The word "Norumbega" is an interesting one, said to be a Native American noun derived from a scrambling of "Norvega," taken to mean the land from which the Vikings came. Norumbega Harmony is a singing group founded at Wellesley College in 1976 by Stephen Marini that has conducted a weekly meeting for the past 30 years to explore the vast repertoire of New England and Southern Singing School music both new and old. While New World's Sweet Seraphic Fire is the third recording made by Norumbega Harmony, it is the first to receive any distribution outside the immediate parlance of Norumbega Harmony themselves. Drawn from the group's 2003 published collection The Norumbega Harmony, Sweet Seraphic Fire contains a staggering 35 pieces mostly concentrated in the "golden age" of the American singing school, the late eighteenth and early nineteenth centuries. However, it also includes some pieces from the slightly later Sacred Harp tradition and a few pieces written within this style in the 1990s.
For those used to hearing New England hymn tunes done by professional or semi-professional choruses, the sound of Norumbega Harmony may come as a bit of a surprise. A semi-professional chorus can make this ultra-tonal kind of music sound silvery and pure, which is certainly not the way it was performed in Colonial America, pleasant as it is to current-day ears; these hymn tunes were generally sung loudly by untrained voices. Norumbega Harmony is more in the latter vein, and its sound might remind some of an especially good congregational choir or a group of carolers at Christmastime. Historically accurate as it is, it may not prove pleasing to some, and sometimes the center of pitch within the chorus tends to drift around.

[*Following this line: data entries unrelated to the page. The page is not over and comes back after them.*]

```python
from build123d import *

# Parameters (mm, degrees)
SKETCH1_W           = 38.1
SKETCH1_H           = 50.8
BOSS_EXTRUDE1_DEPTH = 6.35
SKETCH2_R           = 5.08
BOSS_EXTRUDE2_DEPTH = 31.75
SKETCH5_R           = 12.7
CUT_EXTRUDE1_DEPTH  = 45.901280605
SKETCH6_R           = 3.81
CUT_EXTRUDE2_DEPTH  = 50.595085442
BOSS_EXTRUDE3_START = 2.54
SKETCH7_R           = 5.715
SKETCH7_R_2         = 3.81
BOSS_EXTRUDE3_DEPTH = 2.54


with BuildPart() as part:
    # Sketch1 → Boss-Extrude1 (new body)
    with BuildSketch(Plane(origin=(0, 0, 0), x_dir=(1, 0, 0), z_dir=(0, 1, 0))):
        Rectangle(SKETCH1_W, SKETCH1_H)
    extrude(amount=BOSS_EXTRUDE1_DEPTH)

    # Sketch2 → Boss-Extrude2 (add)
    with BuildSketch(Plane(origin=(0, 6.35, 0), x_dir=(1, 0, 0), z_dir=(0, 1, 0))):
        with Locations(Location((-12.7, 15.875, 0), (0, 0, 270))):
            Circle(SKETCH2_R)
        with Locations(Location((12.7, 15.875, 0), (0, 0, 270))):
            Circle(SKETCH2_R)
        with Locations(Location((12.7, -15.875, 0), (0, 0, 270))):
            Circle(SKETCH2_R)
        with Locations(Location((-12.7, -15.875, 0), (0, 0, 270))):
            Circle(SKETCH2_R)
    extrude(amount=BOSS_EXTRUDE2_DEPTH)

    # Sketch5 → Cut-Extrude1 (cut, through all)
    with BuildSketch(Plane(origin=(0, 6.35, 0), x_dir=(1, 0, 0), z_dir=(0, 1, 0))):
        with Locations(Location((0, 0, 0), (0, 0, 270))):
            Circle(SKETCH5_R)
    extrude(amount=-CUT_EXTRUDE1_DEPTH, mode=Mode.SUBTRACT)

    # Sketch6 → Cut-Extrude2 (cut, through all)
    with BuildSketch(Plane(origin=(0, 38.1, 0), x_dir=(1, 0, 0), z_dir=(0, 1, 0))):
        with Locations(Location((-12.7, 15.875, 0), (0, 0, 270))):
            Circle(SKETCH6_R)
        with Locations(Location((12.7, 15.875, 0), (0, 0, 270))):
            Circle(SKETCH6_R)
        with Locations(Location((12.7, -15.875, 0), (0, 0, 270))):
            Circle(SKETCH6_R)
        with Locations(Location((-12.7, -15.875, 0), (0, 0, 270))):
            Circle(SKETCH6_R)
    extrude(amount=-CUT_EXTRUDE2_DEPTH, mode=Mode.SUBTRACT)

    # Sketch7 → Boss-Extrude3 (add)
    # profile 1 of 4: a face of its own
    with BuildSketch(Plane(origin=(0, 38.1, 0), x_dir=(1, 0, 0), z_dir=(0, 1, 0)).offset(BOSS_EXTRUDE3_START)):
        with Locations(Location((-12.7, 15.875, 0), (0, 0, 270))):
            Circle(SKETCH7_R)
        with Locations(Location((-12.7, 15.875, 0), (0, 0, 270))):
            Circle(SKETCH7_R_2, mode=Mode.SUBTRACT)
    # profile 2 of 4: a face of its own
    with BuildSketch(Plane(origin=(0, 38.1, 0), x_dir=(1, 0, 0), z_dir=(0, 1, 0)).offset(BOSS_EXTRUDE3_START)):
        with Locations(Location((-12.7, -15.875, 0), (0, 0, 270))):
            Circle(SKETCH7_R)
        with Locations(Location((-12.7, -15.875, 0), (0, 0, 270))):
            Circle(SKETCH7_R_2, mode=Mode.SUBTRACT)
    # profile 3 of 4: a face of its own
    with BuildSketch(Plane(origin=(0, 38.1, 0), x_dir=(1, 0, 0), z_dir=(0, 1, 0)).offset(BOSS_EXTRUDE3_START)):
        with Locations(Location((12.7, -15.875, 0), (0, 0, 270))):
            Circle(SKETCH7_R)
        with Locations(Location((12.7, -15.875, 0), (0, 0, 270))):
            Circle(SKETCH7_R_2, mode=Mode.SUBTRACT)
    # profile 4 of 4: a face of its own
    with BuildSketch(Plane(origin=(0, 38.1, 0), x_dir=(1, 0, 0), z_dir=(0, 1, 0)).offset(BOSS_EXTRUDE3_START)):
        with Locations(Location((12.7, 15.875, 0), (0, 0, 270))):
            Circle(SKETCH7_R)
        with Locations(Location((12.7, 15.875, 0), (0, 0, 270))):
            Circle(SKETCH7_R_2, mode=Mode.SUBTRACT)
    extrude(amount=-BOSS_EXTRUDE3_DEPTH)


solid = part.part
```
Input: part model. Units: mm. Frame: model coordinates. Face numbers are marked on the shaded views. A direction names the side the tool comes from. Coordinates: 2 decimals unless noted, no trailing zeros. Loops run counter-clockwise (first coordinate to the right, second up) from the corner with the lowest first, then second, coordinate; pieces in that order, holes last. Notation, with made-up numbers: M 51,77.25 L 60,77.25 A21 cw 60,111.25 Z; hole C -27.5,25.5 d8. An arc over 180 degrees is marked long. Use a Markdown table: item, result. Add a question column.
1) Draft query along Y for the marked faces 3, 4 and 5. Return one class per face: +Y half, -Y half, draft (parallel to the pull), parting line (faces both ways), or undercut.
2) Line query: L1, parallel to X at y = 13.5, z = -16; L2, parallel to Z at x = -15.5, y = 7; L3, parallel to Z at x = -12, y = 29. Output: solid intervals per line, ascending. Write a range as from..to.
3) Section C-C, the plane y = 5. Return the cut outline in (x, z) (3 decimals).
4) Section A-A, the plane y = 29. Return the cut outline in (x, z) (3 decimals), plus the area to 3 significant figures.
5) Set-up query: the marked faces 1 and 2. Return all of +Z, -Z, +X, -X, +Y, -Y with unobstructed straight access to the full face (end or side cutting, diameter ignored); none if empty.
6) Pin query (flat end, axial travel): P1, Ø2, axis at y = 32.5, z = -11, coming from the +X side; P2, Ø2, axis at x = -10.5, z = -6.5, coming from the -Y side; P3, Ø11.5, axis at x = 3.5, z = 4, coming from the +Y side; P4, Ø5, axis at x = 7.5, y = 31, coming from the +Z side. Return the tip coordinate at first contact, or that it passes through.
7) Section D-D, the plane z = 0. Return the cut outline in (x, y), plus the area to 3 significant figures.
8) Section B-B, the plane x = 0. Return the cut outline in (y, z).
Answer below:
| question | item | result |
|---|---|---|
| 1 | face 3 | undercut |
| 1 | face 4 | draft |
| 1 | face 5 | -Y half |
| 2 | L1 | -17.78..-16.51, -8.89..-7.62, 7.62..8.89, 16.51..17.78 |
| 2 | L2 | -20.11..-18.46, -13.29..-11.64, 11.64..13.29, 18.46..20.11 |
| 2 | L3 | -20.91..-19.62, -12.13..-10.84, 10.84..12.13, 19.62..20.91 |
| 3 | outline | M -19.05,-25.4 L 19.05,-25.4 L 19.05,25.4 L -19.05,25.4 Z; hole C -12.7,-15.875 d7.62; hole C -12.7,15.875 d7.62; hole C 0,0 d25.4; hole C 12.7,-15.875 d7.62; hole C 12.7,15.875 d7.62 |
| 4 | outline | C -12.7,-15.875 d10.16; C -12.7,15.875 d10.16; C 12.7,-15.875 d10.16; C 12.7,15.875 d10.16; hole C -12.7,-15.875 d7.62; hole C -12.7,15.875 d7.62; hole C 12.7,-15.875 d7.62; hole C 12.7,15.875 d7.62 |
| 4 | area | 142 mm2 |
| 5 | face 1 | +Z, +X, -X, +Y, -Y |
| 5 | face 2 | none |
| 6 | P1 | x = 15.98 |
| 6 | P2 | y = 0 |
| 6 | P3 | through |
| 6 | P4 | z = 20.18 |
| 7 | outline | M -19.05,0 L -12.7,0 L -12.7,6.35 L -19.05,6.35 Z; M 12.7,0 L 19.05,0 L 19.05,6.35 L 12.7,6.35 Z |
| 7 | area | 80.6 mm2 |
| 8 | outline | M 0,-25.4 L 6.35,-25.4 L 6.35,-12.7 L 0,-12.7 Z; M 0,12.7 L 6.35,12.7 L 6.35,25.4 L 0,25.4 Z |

The scholarly component to Sweet Seraphic Fire is excellent. Stephen Marini divides the material regionally so we can distinguish between the type of tunes originating, for example, in Vermont versus those from Boston. As accords the ear, there isn't a radical difference between the two, but in terms of historical context, the music becomes easier to grasp. As such, Sweet Seraphic Fire will prove extremely useful for teaching in a field that is rapidly growing in popularity, both among community singers and listeners.